Before the Cataclysm, you saw the Balaur systematically and ruthlessly destroying everything before them. Your people fought fiercely for their destruction for over 1000 years. You and your leaders were strongly opposed to the proposed peace treaty with the Balaur. How could anyone seek peace with beings who had destroyed lands and loved ones? You believe that those who sought peace lacked courage and resolve. Had they not engaged in a peace treaty, and invited the Dragon Lords into the Tower, the two worlds would never have shattered.
Hundreds of years after the Cataclysm, you view the Elyos as smug and arrogant. They are to blame for the destruction of The Tower of Eternity, and for the harsh reality of your own existence. Only their destruction, and the destruction of Elysea itself, will preserve your dying world.
Through the Eyes of the Elyos
Elyos look beautiful and righteous.
If you've rolled an Elyos character, you've found yourself in a lush environment full of beauty. The sun shines on your world, and although it's not without its trials, your land is filled with abundance. You are one of a race of beautiful and robust people. Clearly, your people are the chosen of Aion, and this knowledge fills you with pride.
Before the Cataclysm, your leaders saw that the Millennium War looked to be a war without end. They came to believe, as you did along with them, that their goal was not to annihilate the Balaur, but to preserve and defend their god, Aion. You knew that victory against the Balaur might not be possible, and that even if it was, the cost of that victory was too high. The only solution you saw was to negotiate peace between your people and the Balaur. Had Lord Azphel and his cohorts not disrupted the peace negotiations and slain one of the Dragon Lords, the conflict between your people and the Balaur would have ended, the Tower would have held strong, and the two worlds would never have shattered.
Hundreds of years after the Cataclysm, you view the Asmodians as hateful, vainglorious warmongers. They are to blame for the destruction of the Tower of Eternity, and they are clearly a lesser people, deformed and twisted by their own rage. Only their destruction, and the destruction of Asmodae itself, will preserve your dying world.

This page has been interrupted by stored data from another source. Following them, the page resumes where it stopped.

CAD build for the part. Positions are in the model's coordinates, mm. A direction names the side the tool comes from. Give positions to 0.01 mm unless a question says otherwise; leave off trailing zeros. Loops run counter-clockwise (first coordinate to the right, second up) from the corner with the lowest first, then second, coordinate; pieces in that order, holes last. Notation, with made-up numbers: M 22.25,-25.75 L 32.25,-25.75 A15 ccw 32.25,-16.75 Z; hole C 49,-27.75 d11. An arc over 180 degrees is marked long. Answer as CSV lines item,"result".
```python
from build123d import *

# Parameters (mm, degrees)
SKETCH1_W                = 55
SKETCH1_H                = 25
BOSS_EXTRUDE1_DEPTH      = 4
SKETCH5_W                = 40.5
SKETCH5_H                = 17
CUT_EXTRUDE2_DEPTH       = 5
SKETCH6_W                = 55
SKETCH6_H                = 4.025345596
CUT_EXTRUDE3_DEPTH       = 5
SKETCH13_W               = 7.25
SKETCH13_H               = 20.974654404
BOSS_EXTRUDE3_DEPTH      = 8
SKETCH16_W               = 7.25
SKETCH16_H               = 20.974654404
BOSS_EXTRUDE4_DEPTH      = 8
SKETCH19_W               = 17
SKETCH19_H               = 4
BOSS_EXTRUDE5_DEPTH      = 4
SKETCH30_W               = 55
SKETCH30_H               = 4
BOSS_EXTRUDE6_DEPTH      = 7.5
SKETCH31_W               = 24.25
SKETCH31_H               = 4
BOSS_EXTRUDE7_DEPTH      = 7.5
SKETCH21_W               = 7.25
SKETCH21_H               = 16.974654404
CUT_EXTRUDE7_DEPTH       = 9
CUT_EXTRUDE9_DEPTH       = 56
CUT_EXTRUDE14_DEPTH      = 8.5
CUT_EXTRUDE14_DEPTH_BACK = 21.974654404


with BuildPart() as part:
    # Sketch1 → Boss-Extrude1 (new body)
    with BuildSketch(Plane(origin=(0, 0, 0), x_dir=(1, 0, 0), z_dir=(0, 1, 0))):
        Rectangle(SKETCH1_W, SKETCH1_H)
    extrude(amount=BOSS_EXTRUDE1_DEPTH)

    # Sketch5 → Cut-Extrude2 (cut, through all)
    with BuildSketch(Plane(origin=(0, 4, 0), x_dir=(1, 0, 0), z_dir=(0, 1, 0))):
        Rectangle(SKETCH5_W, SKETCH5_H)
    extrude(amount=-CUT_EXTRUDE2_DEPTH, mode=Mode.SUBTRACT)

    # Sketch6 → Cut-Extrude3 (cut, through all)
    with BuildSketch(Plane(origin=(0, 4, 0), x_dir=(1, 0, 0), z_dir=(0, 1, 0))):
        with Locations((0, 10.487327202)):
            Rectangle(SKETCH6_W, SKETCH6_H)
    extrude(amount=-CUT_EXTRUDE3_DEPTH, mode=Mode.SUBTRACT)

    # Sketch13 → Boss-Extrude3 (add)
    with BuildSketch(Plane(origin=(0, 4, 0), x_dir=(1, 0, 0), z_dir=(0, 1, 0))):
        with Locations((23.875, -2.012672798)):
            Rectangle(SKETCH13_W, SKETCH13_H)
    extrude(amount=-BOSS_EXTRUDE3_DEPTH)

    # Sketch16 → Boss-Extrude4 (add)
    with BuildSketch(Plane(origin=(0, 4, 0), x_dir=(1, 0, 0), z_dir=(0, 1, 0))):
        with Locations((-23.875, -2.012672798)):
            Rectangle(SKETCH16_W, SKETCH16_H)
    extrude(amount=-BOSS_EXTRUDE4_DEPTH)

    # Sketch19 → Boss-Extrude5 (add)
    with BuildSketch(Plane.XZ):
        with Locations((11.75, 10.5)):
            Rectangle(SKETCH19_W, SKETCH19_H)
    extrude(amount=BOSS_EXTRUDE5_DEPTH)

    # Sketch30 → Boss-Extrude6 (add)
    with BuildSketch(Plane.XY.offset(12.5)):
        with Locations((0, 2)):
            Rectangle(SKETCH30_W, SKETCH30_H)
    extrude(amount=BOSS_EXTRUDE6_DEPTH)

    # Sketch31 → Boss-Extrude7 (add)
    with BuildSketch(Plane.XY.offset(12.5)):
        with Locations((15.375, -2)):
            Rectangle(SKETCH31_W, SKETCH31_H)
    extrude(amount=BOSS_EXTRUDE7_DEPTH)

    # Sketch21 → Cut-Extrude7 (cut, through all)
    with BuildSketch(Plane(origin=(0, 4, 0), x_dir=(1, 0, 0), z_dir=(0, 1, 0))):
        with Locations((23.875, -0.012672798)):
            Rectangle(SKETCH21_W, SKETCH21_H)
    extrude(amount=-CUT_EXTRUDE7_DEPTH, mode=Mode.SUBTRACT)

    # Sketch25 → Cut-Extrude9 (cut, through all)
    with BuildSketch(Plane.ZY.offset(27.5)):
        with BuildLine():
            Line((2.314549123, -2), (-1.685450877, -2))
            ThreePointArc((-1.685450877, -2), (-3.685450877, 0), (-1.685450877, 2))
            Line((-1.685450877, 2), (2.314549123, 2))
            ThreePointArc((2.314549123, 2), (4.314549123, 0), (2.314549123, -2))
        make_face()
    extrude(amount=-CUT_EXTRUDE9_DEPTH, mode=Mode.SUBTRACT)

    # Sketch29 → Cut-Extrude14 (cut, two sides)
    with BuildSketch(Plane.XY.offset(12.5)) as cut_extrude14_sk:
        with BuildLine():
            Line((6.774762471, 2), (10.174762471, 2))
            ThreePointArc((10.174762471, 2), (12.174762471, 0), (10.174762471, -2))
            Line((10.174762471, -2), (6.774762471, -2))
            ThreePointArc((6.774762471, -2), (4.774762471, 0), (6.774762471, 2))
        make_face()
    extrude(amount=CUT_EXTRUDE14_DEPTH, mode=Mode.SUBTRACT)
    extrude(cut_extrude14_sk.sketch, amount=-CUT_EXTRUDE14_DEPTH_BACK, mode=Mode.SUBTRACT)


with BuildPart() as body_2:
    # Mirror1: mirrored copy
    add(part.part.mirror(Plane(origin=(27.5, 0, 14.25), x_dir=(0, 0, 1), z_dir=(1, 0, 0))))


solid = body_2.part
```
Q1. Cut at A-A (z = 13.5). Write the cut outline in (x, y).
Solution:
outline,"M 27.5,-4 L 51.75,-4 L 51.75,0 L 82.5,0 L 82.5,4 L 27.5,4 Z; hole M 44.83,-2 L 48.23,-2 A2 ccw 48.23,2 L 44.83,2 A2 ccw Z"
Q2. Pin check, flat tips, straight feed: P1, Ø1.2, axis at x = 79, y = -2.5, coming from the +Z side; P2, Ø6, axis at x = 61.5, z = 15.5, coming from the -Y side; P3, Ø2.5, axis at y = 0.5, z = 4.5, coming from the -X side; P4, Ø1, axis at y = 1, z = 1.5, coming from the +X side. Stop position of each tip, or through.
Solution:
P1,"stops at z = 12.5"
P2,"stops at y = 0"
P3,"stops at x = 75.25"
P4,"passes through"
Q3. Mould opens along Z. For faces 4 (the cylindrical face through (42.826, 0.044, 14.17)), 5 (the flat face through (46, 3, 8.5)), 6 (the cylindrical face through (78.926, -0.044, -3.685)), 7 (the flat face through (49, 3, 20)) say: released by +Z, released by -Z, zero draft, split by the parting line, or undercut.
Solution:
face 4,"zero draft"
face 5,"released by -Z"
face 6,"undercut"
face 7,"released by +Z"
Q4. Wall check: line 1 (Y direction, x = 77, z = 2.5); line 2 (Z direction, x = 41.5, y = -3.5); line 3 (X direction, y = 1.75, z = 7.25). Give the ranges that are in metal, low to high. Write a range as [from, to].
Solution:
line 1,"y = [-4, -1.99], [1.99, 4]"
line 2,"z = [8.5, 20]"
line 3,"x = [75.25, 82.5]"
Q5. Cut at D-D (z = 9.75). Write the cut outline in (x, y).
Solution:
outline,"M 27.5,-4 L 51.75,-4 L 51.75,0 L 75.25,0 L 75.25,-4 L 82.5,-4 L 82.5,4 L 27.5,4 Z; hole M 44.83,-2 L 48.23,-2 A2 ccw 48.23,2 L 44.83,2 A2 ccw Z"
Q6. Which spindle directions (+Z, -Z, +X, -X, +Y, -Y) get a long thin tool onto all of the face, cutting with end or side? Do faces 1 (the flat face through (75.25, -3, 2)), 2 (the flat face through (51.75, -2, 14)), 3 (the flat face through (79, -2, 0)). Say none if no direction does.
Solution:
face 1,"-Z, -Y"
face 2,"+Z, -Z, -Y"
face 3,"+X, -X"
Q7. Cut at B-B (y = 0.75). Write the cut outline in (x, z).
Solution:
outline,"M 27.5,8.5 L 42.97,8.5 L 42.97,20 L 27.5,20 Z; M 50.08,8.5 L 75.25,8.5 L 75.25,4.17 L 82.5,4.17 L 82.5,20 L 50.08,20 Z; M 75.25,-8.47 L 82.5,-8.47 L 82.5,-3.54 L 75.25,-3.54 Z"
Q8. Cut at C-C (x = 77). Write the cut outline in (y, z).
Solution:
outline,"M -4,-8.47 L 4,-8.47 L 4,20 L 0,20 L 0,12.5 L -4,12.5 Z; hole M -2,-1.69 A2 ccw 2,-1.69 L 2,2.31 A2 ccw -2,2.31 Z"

A World DividedAre the Elyos really arrogant elitists? Are the Asmodians really vicious warmongers? The answers aren't clear cut, and that's what's so intriguing about Aion's lore. At its heart, Aion is about a fundamental misunderstanding of the true nature of those people you once called brothers, and now view as others. It's a story of how righteousness, rage, indignation and disdain have torn a world, quite literally, in two. Which side will resonate with you? And, even if you're not a roleplayer, how will it enhance your gaming experience? Those are questions you'll have to answer as you discover Atreia for yourself.